The picture is one of the constraints in my convex optimization (cvx) problem. ‘t’ and ‘Q’ are the optimization variable. However, when I run the code, the following error message appears: ‘Cannot perform the operation: {convex} ./ {convex}.’ I know the issue lies on the left side of the constraint, but I haven’t come up with a proper way to reformulate this inequality. Please provide your suggestions if possible.
Please show us your proof the optimization problem is convex. You haven’t shown the whole problem, so readers can’t know. However, what you do show is a linear fractional form. Is the denominator always positive?
Perhaps this can be handled by techniques along the lines of section 4.3.2 “Linear-fractional programming” of Convex Optimization – Boyd and Vandenberghe, or the problem is quasi-convex and can be handled by the bisection algorithm in section 4.2.5 “Quasiconvex optimization” of that book.
However, perhaps you are not telling us everything?
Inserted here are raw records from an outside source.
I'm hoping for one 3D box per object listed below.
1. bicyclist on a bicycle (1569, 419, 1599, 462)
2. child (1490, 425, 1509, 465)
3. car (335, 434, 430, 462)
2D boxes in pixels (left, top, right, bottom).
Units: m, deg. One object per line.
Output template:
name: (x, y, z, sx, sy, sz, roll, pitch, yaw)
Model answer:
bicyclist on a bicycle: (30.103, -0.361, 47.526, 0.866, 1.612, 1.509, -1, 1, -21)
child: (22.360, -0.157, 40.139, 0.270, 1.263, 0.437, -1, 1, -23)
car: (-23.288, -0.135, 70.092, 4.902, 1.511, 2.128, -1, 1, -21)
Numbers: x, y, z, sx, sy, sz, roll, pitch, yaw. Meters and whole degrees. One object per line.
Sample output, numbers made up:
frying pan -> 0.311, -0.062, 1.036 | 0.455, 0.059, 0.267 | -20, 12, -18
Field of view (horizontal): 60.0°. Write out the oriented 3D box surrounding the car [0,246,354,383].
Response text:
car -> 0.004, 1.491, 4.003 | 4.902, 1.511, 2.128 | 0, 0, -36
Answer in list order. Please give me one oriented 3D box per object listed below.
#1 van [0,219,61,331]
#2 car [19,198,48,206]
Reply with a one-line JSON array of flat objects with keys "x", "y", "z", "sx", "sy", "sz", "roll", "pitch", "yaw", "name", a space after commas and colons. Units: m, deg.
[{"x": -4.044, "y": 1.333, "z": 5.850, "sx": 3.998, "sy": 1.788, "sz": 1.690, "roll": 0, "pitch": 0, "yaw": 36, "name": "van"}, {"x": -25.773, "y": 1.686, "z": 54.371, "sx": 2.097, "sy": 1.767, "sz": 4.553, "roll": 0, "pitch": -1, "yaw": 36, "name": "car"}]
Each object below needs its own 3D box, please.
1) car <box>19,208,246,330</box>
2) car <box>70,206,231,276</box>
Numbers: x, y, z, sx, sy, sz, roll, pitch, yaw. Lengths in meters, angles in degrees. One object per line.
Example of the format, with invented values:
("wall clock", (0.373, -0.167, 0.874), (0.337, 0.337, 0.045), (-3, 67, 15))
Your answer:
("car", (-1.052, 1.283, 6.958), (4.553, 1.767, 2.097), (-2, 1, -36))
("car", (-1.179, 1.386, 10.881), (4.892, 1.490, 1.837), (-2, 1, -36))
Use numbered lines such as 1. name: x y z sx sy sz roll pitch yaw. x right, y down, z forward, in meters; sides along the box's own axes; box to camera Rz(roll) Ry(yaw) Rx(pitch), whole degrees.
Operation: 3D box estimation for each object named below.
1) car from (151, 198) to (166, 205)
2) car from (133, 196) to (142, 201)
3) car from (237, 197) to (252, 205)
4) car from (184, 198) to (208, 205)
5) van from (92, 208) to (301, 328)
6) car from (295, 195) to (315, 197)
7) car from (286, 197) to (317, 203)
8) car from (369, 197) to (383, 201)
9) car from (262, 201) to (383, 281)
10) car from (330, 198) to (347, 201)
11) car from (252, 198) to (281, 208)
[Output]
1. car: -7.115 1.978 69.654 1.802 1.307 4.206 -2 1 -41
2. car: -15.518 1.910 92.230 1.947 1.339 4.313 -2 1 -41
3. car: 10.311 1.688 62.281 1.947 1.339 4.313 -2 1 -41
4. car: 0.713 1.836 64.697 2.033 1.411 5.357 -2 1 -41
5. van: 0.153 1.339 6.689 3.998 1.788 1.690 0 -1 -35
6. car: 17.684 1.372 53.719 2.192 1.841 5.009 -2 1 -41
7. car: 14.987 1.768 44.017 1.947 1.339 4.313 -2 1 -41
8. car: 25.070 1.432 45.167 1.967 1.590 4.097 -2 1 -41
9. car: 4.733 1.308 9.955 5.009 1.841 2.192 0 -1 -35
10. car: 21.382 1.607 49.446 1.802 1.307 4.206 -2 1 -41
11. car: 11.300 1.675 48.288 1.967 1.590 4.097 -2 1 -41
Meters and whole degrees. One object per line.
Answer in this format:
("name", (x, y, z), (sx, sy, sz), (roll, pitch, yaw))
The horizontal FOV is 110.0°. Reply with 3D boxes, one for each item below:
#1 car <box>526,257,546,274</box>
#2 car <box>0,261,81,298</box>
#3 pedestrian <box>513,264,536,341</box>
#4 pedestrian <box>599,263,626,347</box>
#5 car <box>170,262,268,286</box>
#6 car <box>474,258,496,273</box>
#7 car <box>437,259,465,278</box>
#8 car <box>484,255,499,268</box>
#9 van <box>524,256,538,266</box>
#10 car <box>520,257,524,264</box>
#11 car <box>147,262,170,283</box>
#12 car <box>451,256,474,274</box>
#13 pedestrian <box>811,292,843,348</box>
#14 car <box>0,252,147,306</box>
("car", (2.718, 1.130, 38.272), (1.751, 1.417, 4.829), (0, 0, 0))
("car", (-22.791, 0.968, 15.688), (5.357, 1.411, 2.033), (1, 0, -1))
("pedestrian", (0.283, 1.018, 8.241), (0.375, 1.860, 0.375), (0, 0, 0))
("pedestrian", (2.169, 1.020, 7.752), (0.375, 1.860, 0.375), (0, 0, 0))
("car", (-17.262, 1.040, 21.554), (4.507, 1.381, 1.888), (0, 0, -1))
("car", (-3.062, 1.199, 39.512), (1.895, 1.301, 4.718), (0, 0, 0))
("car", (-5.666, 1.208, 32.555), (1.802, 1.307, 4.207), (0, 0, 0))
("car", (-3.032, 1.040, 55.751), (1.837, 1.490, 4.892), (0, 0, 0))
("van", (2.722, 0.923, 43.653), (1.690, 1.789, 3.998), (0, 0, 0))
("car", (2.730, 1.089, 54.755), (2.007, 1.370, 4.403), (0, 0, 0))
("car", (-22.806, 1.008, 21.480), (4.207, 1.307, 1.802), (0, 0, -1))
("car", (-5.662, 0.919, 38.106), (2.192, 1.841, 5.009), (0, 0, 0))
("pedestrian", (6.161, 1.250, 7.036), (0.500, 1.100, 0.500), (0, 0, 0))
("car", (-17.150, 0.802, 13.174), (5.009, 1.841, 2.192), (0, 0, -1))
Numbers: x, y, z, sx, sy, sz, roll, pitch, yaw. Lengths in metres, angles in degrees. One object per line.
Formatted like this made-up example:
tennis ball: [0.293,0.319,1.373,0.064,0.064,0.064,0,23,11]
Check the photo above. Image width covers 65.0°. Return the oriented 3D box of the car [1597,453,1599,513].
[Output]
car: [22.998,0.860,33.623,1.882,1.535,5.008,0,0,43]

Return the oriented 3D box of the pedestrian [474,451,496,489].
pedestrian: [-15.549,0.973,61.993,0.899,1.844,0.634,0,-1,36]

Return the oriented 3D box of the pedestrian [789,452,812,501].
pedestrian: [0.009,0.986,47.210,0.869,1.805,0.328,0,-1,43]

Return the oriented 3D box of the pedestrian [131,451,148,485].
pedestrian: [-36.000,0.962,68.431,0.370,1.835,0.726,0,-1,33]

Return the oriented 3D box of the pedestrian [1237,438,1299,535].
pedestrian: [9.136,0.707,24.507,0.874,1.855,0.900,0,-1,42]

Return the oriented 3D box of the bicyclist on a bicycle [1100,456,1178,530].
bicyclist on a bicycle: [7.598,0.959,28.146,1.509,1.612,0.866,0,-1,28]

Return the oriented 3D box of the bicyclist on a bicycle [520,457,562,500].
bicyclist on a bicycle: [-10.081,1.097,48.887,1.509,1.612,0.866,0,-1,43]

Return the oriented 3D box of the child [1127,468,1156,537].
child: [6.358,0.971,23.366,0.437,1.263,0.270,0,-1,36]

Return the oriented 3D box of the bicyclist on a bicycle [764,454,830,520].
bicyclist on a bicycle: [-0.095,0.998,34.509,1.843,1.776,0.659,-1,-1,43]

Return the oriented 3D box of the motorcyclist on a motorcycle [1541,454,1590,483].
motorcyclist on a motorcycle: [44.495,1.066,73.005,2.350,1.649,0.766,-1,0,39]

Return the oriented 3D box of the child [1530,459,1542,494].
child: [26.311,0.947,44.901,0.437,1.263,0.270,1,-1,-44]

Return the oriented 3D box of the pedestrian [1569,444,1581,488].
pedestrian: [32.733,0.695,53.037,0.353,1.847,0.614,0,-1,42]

If Q and t were the only optimization variables, and everything else was input data, I believe you would have gotten the error message, {affine}/{affine}, not {convex}/{convex}. So that may put my teh applicability of my preceding paragraph into greater doubt.
I check the cvx problem and code again. The error message should be{affine}/{affine} as you said. And the denominator is always positive. Q and t are the only optimization variables. I will continue to try to solve the problem. Truly grateful for your help. And please tell me if you have any other suggestions.